Sorry, I very rarely have to change batteries - I had a NiMH battery suddenly fail last year and had to find a shop selling Duracells. 

If I wanted to run my other Garmin (Edge 500) for 24 hours I would top up from my 1,000 mAH powerpack during stops.


----------



## wajc (29 May 2020)

gjcurrie said:


> hi all
> I am wondering how to record a 24 hr ride I use a wahoo element which has a battery runtime of 15 hrs[i think].
> does anyone know if the elements runtime can be extended if a cache battery is connected while recording.



The answer to that is yes it can.

Wahoo Elemnt Battery Help and Tips


----------



## Ajax Bay (23 Jul 2020)

ColinJ said:


> If I wanted to run my other Garmin (Edge 500) for 24 hours I would top up from my 1,000 mAH powerpack during stops.


Colin - I assume you use a specific lead for this so that the Garmin can keep running while being charged 'during stops'.
A USB “On The Go” (OTG) lead?
For rides longer than the 500's battery life - about 15 hours (this got me to Tinténiac) - I have previously tried to get some charge in at stops. But I stop the recording to do so. I'd like to keep it running so it shows the whole rides elapsed time.


----------



## ColinJ (23 Jul 2020)

Ajax Bay said:


> Colin - I assume you use a specific lead for this so that the Garmin can keep running while being charged 'during stops'.
> A USB “On The Go” (OTG) lead?
> For rides longer than the 500's battery life - about 15 hours (this got me to Tinténiac) - I have previously tried to get some charge in at stops. But I stop the recording to do so. I'd like to keep it running so it shows the whole rides elapsed time.

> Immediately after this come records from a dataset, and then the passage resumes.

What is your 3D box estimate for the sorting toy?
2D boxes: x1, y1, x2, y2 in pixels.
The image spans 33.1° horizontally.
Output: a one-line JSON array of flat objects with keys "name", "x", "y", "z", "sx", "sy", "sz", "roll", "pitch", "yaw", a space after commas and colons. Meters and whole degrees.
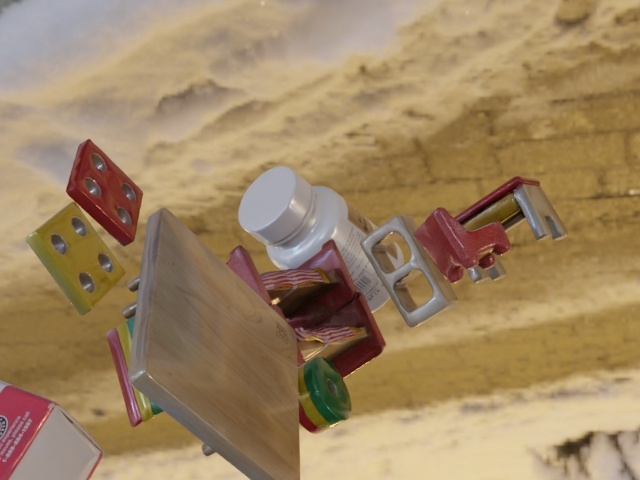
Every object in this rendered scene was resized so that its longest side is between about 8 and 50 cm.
[{"name": "sorting toy", "x": -0.074, "y": 0.066, "z": 0.615, "sx": 0.046, "sy": 0.132, "sz": 0.274, "roll": -29, "pitch": 126, "yaw": 20}]

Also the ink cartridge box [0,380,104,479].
[{"name": "ink cartridge box", "x": -0.427, "y": 0.254, "z": 1.169, "sx": 0.306, "sy": 0.226, "sz": 0.131, "roll": 13, "pitch": 151, "yaw": 31}]

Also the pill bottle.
[{"name": "pill bottle", "x": 0.000, "y": 0.000, "z": 1.483, "sx": 0.131, "sy": 0.131, "sz": 0.229, "roll": -16, "pitch": 140, "yaw": 38}]

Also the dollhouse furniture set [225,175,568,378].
[{"name": "dollhouse furniture set", "x": 0.051, "y": 0.028, "z": 1.170, "sx": 0.374, "sy": 0.152, "sz": 0.201, "roll": -36, "pitch": 164, "yaw": 26}]
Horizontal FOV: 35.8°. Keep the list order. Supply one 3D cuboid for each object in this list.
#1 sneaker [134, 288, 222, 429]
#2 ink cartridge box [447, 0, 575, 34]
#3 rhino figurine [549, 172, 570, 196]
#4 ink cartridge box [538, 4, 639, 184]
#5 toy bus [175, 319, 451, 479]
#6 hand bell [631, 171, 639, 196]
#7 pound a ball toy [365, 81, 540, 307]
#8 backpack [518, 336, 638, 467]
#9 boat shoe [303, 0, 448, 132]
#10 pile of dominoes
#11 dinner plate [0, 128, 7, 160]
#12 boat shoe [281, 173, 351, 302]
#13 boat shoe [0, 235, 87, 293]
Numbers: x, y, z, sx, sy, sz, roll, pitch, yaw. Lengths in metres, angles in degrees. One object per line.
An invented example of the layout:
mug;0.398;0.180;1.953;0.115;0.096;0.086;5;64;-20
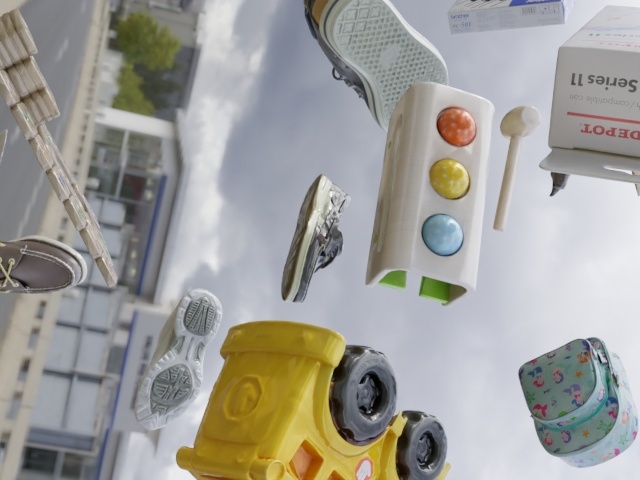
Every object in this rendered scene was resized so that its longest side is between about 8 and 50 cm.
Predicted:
sneaker;-0.230;0.193;1.574;0.232;0.090;0.115;-65;-165;-19
ink cartridge box;0.340;-0.414;1.764;0.097;0.207;0.046;-55;137;-48
rhino figurine;0.456;-0.189;1.781;0.106;0.073;0.243;-88;-169;-68
ink cartridge box;0.377;-0.168;1.090;0.353;0.207;0.119;-42;137;-57
toy bus;-0.012;0.205;0.834;0.149;0.220;0.211;-5;-132;41
hand bell;0.628;-0.160;1.619;0.126;0.242;0.126;-13;90;-73
pound a ball toy;0.195;-0.076;1.331;0.136;0.208;0.319;131;-28;-65
backpack;0.557;0.351;2.139;0.225;0.191;0.254;-30;-131;27
boat shoe;0.115;-0.367;1.965;0.187;0.500;0.156;-44;-125;5
pile of dominoes;-0.232;-0.082;0.905;0.196;0.040;0.251;52;-14;55
dinner plate;-0.351;-0.049;1.027;0.141;0.017;0.141;-47;-145;49
boat shoe;0.000;0.000;1.423;0.080;0.073;0.224;124;-15;-49
boat shoe;-0.611;0.049;1.890;0.097;0.324;0.117;-57;154;-66
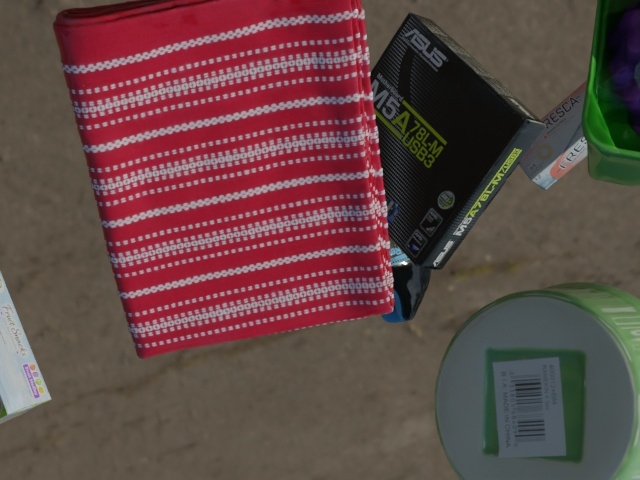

Oh, I had never thought about details like that! I had it run out of juice towards the end of a 200 km Cheshire forum ride. I wasn't bothered by the timing, but I would have liked to have logged the actual riding. I was thinking that I could have got enough power back into it at our cafe stops at which times I had it switched off anyway.


----------



## ianrauk (23 Jul 2020)

Garmin 500's you cant charge on the go. It was a right pain in the arse when doing long rides.


----------



## ColinJ (23 Jul 2020)

Apparently, @Ajax Bay is right and @ianrauk is wrong - read THIS!


----------



## wajc (23 Jul 2020)

Dogtrousers said:


> Presumably the 500 is one of those older Garmins that can't walk and chew gum at the same time, or in





ianrauk said:


> Garmin 500's you cant charge on the go. It was a right pain in the arse when doing long rides.



I have a Garmin 500 and can confirm that you can charge on the go using an OTG such as this and is exactly what I do

OTG mini USB cable

and generally you'll need a male to male USB as well to connect from the above lead to your powerbank.


----------



## ianrauk (23 Jul 2020)

ColinJ said:


> Apparently, @Ajax Bay is right and @ianrauk is wrong - read THIS!


Well you didn't know either. You live and learn and all that.


----------



## Ajax Bay (23 Jul 2020)

wajc said:


> I have a Garmin 500 and can confirm that you can charge on the go using an OTG such as this and is exactly what I do
> OTG mini USB cable
> and . . . you'll need a male to male USB as well to connect from the above lead to your powerbank.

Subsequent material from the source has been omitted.